As the as director of instruction, student services and safe schools for the Campbell River School District (SD72) Tracy Kennedy was becoming increasingly alarmed by the rates of youth suicide in Campbell River and knew that something had to be done.
“Our community has had enough suicides,” Kennedy said to herself. “We need to do whatever we can to keep our kids safe.”
She had heard about a new initiative called the Child and Youth Mental Health and Substance Use (CYMHSU) Collaborative, funded by a partnership between Doctors of BC and the provincial government. The goal of the Collaborative was to increase the number of children, youth and families receiving timely access to mental health and substance use services when needed.
The collaborative had established 64 Local Action Teams (LATs) in communities across BC since 2013 and Kennedy decided it was past time for one to be formed here.
So she started to form one.
She began by reaching out to Christine Colbert, executive director for the Campbell River and District Division of Family Practice, which represents family physicians in the region. Together they brought others on board, including Dr. Jan Coetzee as Kennedy’s co-chair.
By September 2015, the Campbell River LAT was formed consisting of 27 individuals representing 13 different agencies. Members included parents and youth with lived experience from FamilySmart, also representatives from Laichwiltach Family Life Society, Kwakiutl District Council (KDC), the John Howard Society, Ministry of Child and Family Development, RCMP, SD72, Success by Six, Island Health (Campbell River & District Hospital, Public Health, Aboriginal Health), First Nations Health Authority, and local family physicians.
Barb Kozeletski, whose daughter Hayden died by suicide in 2010, was one of two parent representatives on the LAT and is now chair of the Parent Advisory Committee for Foundry – the newly created youth hub focused on providing integrated care.
“It’s important to have family, parents and youth with lived experience work together with service providers so we can all learn from each other about what it takes to improve the mental health outcomes for children and youth,” Kozeletski says, adding that everyone being seen as equals and sharing a common goal was essential to the LAT’s success. “We were all sitting at the same table wanting the same thing.”
The LAT’s first task was to set priorities and identify where opportunities existed to better support children and youth with mental health and substance use issues.
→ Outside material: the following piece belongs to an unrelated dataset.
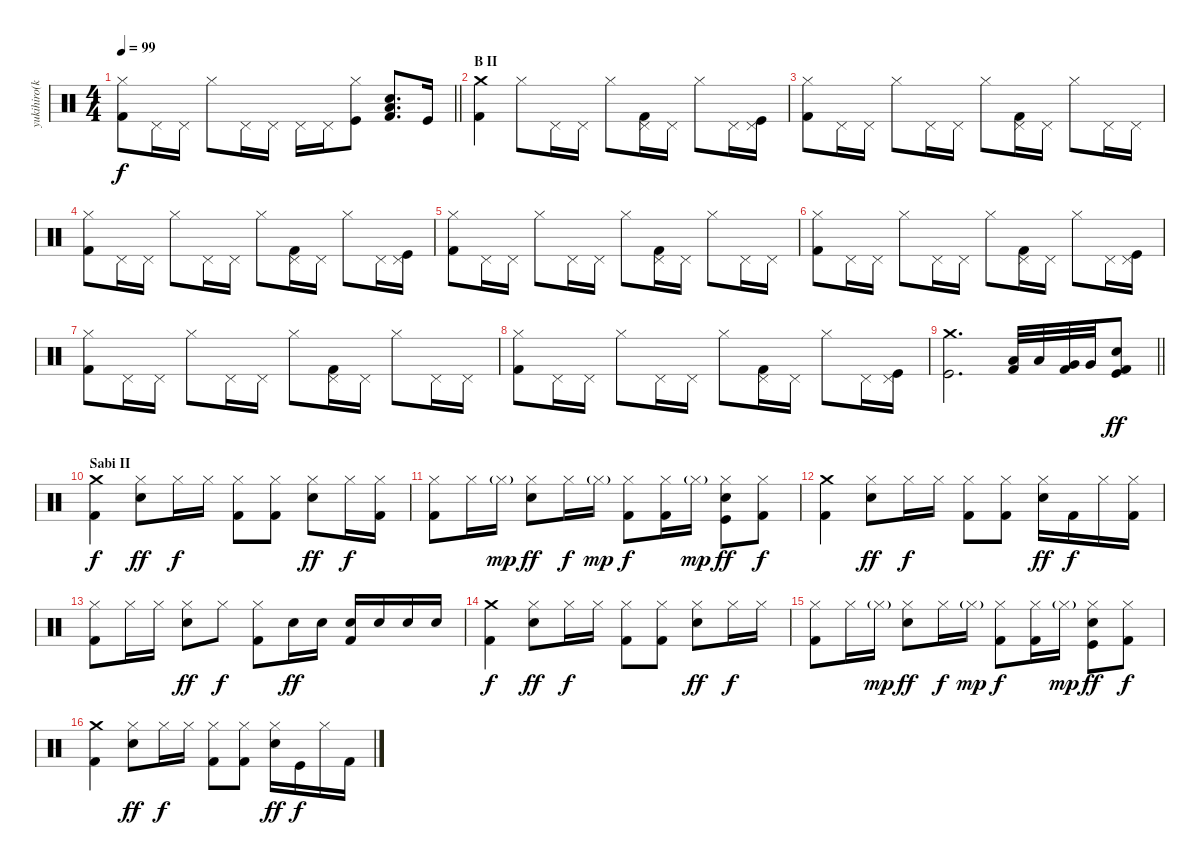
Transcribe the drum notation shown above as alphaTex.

They decided to provide a series of mental health literacy events and resources for the public, teachers and care providers to increase awareness and reduce stigma, and create a hospital-to-community protocol to ensure children and youth are referred to appropriate community services.
What they achieved was impressive.
A total of 12 training events were delivered to parents, youth, teachers, school counsellors, doctors and other care providers. Topics ranged from managing anxiety to the impact of trauma on child development and mental health.
An Orientation Guide (PDF) to help navigate the North-Island’s mental health system was updated. The guide was initially created by Island Health and FamilySmart as a result of a coroner’s inquest into Hayden’s death. More than 950 copies of the updated guide were distributed to doctors, clinics, aboriginal agencies, schools and other service providers.
A prescription pad was created for physicians to easily share with their patients with a list of local child and youth mental health and substance use resources.
A hospital-to-community referral protocol was developed and will be ready for use this fall. It includes an index of services and resources available, as well as a list of culturally-appropriate services for aboriginal peoples.
Funding for the LAT formally wrapped up in March of this year. However, participants say the legacy of the work continues with ongoing collaboration and new ways of working together.
As part of a formal evaluation, LAT members provided feedback on their work as part of the collaborative. They say that their involvement had made them more aware of community resources and helped them connect with others working towards the same goals.
“The LAT really solidified and expanded relationships,” Colbert says, adding these relationships are one of the the reasons physicians were involved early in the formation of the Foundry.
“This has been some of the most important work of my career,” agrees Annette Moulaison-Davis, manager of the Campbell River Hospital. “We are all so proud to have been part of this incredibly meaningful collaboration.”
Dr. Coetzee agrees. “There are many agencies and professionals involved in the delivery of mental health services. Our ongoing cooperation will give those suffering from mental illness the best chance of conquering their pain.”